CS phenotypes are recapitulated in animal models for the syndrome, mouse models for CS showed low systemic blood pressure, dilated blood vessels and cardiac enlargement [ref PMID: 30089727] and zebrafish model showed cardiac enlargement and vascular changes [ref PMID: 30355756]. The external development combined with the transparent nature of zebrafish larvae allows for real-time cardiovascular imaging in living animals, making the zebrafish CS model a rapid and cost effective model for drug testing.
Currently, no specific therapy is available for CS. However, there is evidence that sulfonylureas, such as glibenclamide, may mitigate CS-related abnormalities by closing the overactive potassium channels present in patients6. Glibenclamide is already utilized in the treatment of diabetes due to missense mutations in ABCC8 (MODY diabetes). Upon binding to the sulfonylurea receptor (SUR) subunit of the KATP channel, glibenclamide inhibits channel activity and reduces the potassium efflux and hyperpolarization. There is one report of a child with CS that was treated with glibenclamide from the age of 11 weeks7. His edema and pulmonary hypertension improved, and at the age of 13 months he had no cardiomegaly. This could be due to the glibenclamide treatment, but this is unsure since cardiac enlargement is not reported in all CS cases (64%)5. His hypertrichosis however did not clearly improve.
The main safety concern with glibenclamide treatment is hypoglycemia. Glibenclamide has inhibitory action on pancreatic Kir6.2/SUR1-dependent KATP channels, whereas the CS genes encode for Kir6.1/SUR2 channels. There is a potential risk that glibenclamide treatment for hypertrichosis and cardiovascular problems will be limited by a larger effect of the drug on blood glucose levels. Therefore, this bench-to-bedside exploratory study is also designed to assess the feasibility, safety, and justifiability of conducting a large, randomized placebo-controlled trial to evaluate the efficacy of glibenclamide in CS patients. With careful monitoring and instructions to minimalize hypoglycemia risk, the present study aims to provide insights into the potential benefits of glibenclamide in CS patients.
Materials and methods
Part 1 – Bench: treatment with Glibenclamide in zebrafish model of Cantú syndrome
CS zebrafish were generated using CRISPR/Cas9-based nucleotide editing as previously described8.

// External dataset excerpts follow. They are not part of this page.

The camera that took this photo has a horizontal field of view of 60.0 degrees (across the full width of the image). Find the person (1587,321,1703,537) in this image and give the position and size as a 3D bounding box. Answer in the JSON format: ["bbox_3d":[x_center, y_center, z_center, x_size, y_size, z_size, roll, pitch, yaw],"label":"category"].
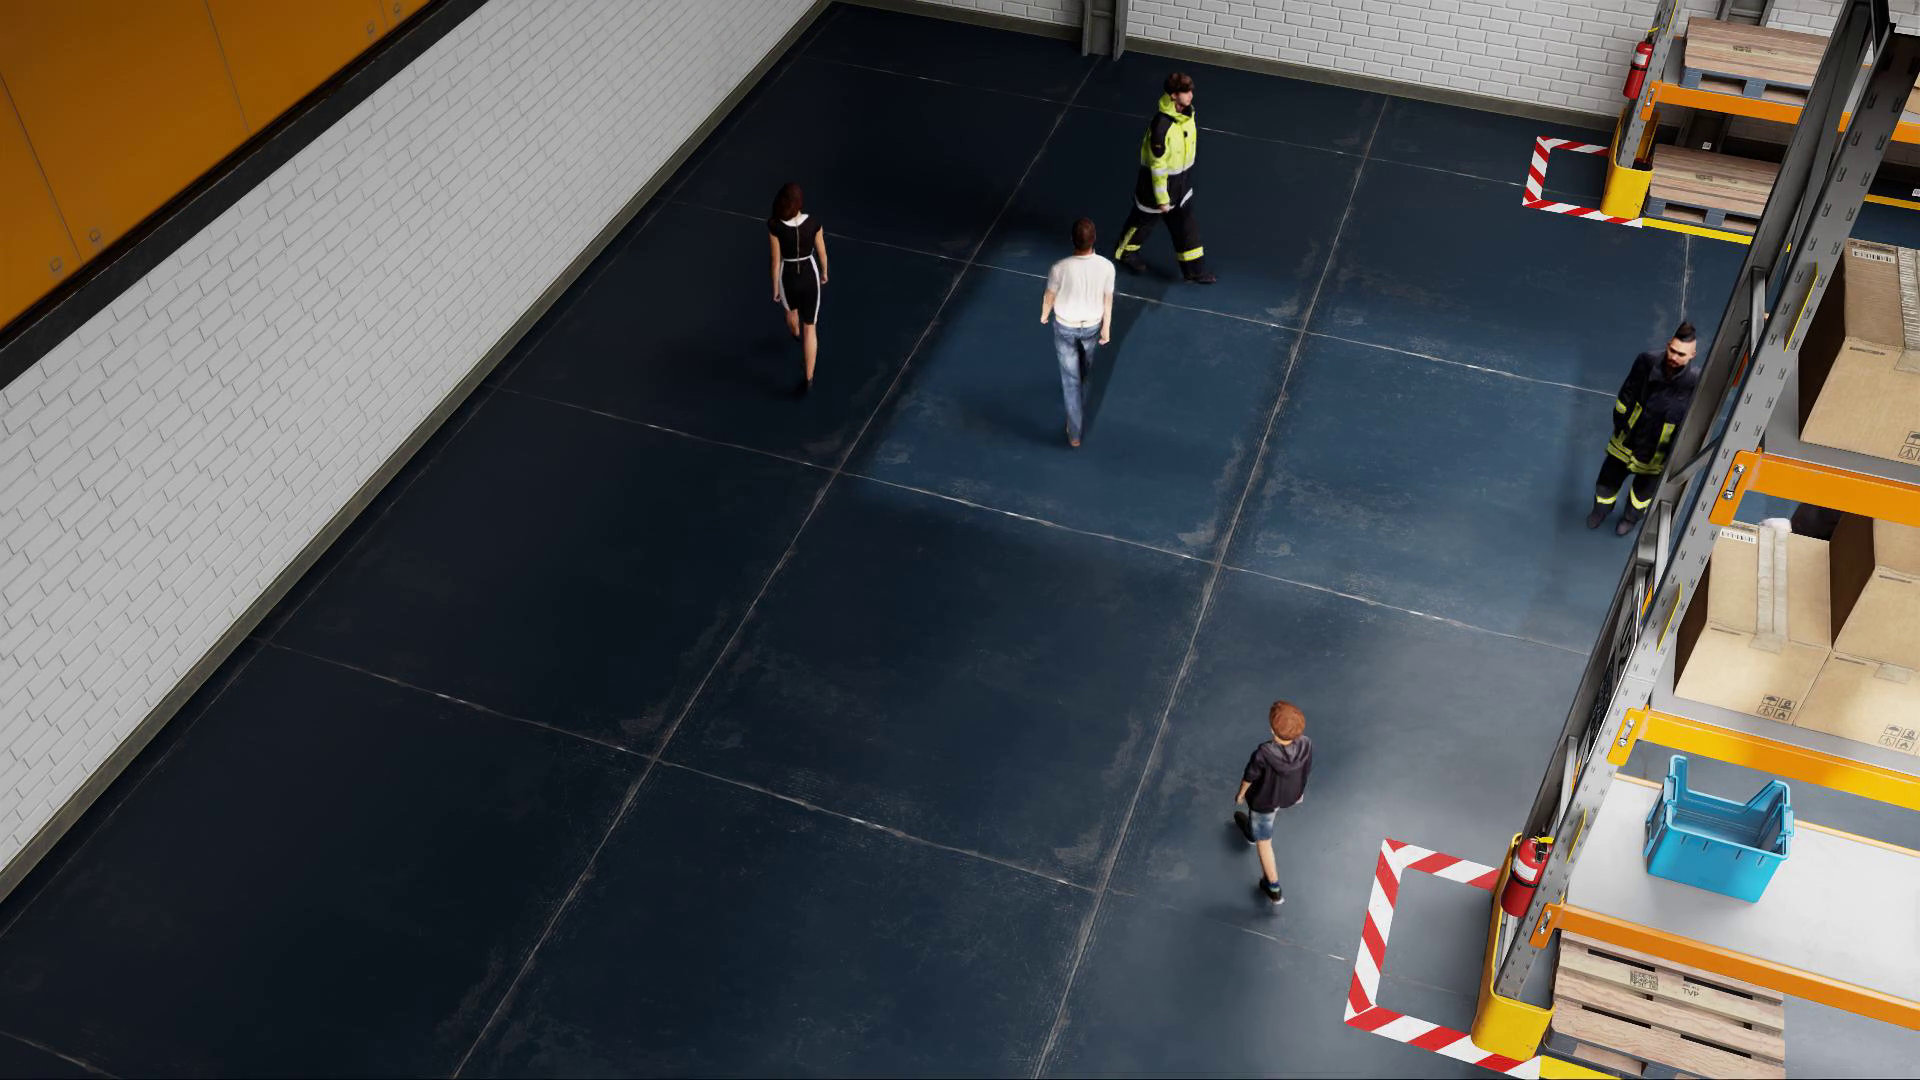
[{"bbox_3d":[4.909,-0.805,11.716,0.793,1.850,0.926,28,50,27],"label":"person"}]

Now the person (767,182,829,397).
[{"bbox_3d":[-1.235,-1.911,12.948,1.158,1.752,1.059,-7,44,-8],"label":"person"}]

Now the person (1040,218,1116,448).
[{"bbox_3d":[0.890,-1.512,12.485,1.198,1.813,1.100,-7,44,-7],"label":"person"}]

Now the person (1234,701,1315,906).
[{"bbox_3d":[1.817,1.517,9.595,0.952,1.414,0.956,-13,45,-13],"label":"person"}]

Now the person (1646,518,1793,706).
[{"bbox_3d":[4.777,0.564,10.376,1.159,1.717,1.030,-14,45,-14],"label":"person"}]

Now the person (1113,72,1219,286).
[{"bbox_3d":[1.648,-3.036,13.999,1.318,1.932,1.024,27,50,26],"label":"person"}]

In brief, CRISPR-Cas9 genome editing was combined with a short template oligonucleotide to introduce a single nucleotide mutation into abcc9. The experimental protocols was approved by the local ethical committee (UMC Utrecht) and the experiments were performed in accordance under the guidelines of the animal welfare committee of the Royal Netherlands Academy of Arts and Sciences (KNAW) and the Washington University Institutional Animal Care and Use Committee. The methods are reported, also in the supplementary appendix and our previous publication, in accordance with ARRIVE guidelines. The zebrafish were Tüpfel long fin (source: European Zebrafish Resource Center, ZDB-GENO-990623-2). The created zebrafish line was abcc9-associated (Sur2[G989E]). All embryos analyzed originated from group matings of adult heterozygous Sur2[G989E]: GCaMP6f CS zebrafish. Drug delivery was achieved by soaking with glibenclamide. We exposed CS fish to glibenclamide (dissolved in dimethyl sulfoxide, DMSO) for a period of 96 h starting at 1 day post fertilization (dpf). Drug stocks were made in medium with glibenclamide 50 µM. Final KATP blocker concentrations were determined by establishing concentration-dependent survival curves in wildtype fish over 4 days of exposure. Drug concentrations that resulted in > 70% of healthy fish were selected for treatment of CS fish. Zebrafish treated with DMSO (glibenclamide 1%) were used as a vehicle control, to ensure no cardiac modifications were being caused by DMSO alone. Untreated zebrafish were used to confirm that the vehicle solvent did not have an adverse effect.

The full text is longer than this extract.